TASK PROMPT: Below are the records; repeat them in full, exactly.
┌─ SUPPLIED INFORMATION
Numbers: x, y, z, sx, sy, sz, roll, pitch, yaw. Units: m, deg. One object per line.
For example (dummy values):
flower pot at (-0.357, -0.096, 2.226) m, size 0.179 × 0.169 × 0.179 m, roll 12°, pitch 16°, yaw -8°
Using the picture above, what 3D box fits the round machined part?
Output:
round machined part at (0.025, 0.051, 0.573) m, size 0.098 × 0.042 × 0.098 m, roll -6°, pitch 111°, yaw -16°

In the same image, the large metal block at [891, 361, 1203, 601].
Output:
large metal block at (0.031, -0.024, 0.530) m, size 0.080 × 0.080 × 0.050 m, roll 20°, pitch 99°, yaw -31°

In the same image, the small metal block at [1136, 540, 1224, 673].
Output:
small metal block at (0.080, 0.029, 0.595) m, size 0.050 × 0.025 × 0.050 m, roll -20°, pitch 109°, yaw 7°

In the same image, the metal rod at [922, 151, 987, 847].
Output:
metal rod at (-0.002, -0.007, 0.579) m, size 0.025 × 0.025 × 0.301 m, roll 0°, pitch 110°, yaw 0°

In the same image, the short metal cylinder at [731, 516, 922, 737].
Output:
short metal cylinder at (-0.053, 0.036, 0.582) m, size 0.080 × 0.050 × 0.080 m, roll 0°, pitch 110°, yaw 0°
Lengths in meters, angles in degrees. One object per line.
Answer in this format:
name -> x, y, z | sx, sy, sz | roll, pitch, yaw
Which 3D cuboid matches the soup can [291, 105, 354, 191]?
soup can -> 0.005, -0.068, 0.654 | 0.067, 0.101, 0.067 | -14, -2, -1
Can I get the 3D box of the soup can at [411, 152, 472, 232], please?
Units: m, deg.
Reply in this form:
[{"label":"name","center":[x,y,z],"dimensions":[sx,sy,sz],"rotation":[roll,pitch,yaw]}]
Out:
└─
EXERCISE OUTPUT:
Numbers: x, y, z, sx, sy, sz, roll, pitch, yaw. Units: m, deg. One object per line.
For example (dummy values):
flower pot at (-0.357, -0.096, 2.226) m, size 0.179 × 0.169 × 0.179 m, roll 12°, pitch 16°, yaw -8°
Using the picture above, what 3D box fits the round machined part?
Output:
round machined part at (0.025, 0.051, 0.573) m, size 0.098 × 0.042 × 0.098 m, roll -6°, pitch 111°, yaw -16°

In the same image, the large metal block at [891, 361, 1203, 601].
Output:
large metal block at (0.031, -0.024, 0.530) m, size 0.080 × 0.080 × 0.050 m, roll 20°, pitch 99°, yaw -31°

In the same image, the small metal block at [1136, 540, 1224, 673].
Output:
small metal block at (0.080, 0.029, 0.595) m, size 0.050 × 0.025 × 0.050 m, roll -20°, pitch 109°, yaw 7°

In the same image, the metal rod at [922, 151, 987, 847].
Output:
metal rod at (-0.002, -0.007, 0.579) m, size 0.025 × 0.025 × 0.301 m, roll 0°, pitch 110°, yaw 0°

In the same image, the short metal cylinder at [731, 516, 922, 737].
Output:
short metal cylinder at (-0.053, 0.036, 0.582) m, size 0.080 × 0.050 × 0.080 m, roll 0°, pitch 110°, yaw 0°
Lengths in meters, angles in degrees. One object per line.
Answer in this format:
name -> x, y, z | sx, sy, sz | roll, pitch, yaw
Which 3D cuboid matches the soup can [291, 105, 354, 191]?
soup can -> 0.005, -0.068, 0.654 | 0.067, 0.101, 0.067 | -14, -2, -1
Can I get the 3D box of the soup can at [411, 152, 472, 232], please?
Units: m, deg.
Reply in this form:
[{"label":"name","center":[x,y,z],"dimensions":[sx,sy,sz],"rotation":[roll,pitch,yaw]}]
Out:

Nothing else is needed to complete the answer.